**Task brief:** Which of the lines in the data below contain the string "caption"? Copy each of them.

**Listed entries:**
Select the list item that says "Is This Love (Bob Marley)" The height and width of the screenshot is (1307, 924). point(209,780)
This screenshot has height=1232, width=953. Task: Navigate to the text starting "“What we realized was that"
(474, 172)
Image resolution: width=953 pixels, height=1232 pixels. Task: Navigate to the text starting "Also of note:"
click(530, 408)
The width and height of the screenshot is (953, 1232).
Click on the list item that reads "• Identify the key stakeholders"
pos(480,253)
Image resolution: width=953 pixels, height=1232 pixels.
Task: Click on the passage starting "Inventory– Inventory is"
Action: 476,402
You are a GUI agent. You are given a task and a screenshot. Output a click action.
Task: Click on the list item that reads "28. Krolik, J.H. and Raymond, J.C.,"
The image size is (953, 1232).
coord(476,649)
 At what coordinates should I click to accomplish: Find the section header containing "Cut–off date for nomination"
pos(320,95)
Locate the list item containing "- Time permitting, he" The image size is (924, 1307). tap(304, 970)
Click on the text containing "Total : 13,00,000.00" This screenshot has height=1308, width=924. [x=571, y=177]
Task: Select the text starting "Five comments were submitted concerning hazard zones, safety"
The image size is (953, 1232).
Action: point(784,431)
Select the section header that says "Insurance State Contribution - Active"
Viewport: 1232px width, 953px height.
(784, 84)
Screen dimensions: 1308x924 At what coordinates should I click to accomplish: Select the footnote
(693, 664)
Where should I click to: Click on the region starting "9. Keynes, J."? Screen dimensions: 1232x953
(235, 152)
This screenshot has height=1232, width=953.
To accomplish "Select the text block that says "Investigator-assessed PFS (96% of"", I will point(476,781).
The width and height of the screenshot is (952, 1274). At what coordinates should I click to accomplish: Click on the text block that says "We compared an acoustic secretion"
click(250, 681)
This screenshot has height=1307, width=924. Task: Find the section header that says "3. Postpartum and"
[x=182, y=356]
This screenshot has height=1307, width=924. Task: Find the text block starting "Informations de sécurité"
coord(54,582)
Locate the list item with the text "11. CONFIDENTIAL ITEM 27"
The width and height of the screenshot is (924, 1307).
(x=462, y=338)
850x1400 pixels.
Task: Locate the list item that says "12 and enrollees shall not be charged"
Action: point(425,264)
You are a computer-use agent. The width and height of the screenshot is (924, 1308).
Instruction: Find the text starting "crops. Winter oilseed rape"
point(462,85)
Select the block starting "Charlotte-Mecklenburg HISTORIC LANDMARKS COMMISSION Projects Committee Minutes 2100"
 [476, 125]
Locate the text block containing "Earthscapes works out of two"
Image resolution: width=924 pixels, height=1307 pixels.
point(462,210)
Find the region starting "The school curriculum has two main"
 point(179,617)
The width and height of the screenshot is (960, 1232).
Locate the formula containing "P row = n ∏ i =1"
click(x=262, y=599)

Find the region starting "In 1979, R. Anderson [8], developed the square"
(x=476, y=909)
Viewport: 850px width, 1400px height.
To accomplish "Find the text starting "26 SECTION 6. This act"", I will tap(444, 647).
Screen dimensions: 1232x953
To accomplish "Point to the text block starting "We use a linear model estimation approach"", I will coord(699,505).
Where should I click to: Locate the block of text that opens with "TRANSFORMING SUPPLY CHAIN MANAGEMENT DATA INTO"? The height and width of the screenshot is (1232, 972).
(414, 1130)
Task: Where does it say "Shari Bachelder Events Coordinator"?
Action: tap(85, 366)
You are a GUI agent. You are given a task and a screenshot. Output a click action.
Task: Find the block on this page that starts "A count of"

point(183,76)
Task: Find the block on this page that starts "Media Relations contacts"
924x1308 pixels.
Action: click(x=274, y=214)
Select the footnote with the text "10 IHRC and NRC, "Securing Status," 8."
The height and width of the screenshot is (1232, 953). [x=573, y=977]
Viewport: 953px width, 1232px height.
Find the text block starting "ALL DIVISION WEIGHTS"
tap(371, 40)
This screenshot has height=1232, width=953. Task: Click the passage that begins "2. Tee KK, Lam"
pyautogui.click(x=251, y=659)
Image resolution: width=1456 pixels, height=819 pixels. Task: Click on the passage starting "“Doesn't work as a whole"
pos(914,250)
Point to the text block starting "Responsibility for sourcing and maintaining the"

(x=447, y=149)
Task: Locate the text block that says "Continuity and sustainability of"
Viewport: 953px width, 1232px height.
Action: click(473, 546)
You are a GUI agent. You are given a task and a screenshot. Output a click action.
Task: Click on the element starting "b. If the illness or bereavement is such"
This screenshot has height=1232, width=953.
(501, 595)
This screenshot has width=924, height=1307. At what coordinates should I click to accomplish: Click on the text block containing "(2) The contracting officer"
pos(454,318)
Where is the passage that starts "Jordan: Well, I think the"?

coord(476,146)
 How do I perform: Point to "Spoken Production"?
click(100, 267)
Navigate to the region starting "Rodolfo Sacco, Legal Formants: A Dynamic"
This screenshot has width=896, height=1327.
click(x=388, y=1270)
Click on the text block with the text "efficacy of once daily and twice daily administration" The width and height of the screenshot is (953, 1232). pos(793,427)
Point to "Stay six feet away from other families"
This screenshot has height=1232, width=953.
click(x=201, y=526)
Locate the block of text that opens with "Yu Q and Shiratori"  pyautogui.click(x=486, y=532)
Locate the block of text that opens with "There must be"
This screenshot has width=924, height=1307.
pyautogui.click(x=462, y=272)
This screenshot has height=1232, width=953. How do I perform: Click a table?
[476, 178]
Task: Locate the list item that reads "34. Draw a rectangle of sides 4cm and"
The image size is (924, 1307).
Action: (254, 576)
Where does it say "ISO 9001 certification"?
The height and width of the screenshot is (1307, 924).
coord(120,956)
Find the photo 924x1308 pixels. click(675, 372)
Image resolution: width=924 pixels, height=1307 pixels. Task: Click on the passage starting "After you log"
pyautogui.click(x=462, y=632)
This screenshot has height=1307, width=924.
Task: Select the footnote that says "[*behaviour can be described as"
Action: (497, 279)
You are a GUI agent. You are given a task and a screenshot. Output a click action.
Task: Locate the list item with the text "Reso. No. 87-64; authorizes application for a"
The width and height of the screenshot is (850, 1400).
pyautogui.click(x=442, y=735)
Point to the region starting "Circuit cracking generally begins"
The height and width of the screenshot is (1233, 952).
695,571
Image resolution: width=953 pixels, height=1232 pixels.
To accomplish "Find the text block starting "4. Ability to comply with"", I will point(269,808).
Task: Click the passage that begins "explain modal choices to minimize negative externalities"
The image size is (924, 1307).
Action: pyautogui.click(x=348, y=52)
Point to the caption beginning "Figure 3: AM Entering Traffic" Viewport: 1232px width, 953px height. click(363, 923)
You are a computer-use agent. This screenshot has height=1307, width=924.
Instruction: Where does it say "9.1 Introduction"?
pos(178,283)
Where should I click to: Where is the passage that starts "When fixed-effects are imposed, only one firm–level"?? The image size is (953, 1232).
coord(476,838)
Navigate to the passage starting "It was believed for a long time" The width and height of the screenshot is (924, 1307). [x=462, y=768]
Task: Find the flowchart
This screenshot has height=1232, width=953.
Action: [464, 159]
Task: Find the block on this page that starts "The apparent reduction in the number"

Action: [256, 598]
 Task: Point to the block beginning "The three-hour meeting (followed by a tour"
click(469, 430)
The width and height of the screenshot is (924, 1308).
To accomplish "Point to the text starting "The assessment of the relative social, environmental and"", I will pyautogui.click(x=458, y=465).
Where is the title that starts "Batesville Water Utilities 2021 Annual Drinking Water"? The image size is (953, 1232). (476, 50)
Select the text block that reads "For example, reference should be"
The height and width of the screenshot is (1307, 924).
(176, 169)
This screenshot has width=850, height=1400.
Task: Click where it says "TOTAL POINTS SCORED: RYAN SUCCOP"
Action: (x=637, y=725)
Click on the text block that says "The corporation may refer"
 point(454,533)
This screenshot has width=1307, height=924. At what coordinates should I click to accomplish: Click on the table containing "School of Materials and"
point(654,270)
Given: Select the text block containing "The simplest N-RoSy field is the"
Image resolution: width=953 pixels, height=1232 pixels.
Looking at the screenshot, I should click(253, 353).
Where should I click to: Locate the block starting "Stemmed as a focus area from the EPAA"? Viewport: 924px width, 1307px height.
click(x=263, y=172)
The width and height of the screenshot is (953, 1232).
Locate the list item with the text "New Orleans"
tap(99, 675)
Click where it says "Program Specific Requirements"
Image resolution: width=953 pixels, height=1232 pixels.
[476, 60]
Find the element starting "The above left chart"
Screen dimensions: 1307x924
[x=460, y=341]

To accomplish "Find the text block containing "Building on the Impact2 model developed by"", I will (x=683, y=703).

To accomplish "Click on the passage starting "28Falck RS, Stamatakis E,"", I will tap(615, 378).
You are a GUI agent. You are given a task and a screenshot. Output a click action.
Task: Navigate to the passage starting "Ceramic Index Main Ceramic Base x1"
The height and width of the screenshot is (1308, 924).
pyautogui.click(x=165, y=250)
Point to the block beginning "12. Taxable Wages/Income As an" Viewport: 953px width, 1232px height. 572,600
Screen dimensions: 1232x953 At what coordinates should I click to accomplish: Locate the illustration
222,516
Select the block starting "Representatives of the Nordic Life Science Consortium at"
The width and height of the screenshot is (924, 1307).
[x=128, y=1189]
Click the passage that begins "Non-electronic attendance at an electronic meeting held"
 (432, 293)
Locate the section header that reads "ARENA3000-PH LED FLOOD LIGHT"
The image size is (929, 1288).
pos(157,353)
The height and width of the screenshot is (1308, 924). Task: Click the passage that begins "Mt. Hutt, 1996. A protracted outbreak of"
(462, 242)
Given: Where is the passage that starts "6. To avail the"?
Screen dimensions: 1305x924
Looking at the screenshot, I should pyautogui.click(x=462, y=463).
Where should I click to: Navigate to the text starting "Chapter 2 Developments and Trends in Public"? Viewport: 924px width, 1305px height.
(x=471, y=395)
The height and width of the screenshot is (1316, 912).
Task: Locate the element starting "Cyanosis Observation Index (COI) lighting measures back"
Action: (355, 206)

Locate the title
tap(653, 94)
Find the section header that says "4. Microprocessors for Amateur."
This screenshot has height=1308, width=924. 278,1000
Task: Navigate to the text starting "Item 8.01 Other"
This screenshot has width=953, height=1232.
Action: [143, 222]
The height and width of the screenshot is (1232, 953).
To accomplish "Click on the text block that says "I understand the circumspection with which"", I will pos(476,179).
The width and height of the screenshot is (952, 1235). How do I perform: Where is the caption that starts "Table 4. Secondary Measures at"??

**Exercise solution:**
Point to the caption beginning "Figure 3: AM Entering Traffic" Viewport: 1232px width, 953px height. click(363, 923)
The width and height of the screenshot is (952, 1235). How do I perform: Where is the caption that starts "Table 4. Secondary Measures at"??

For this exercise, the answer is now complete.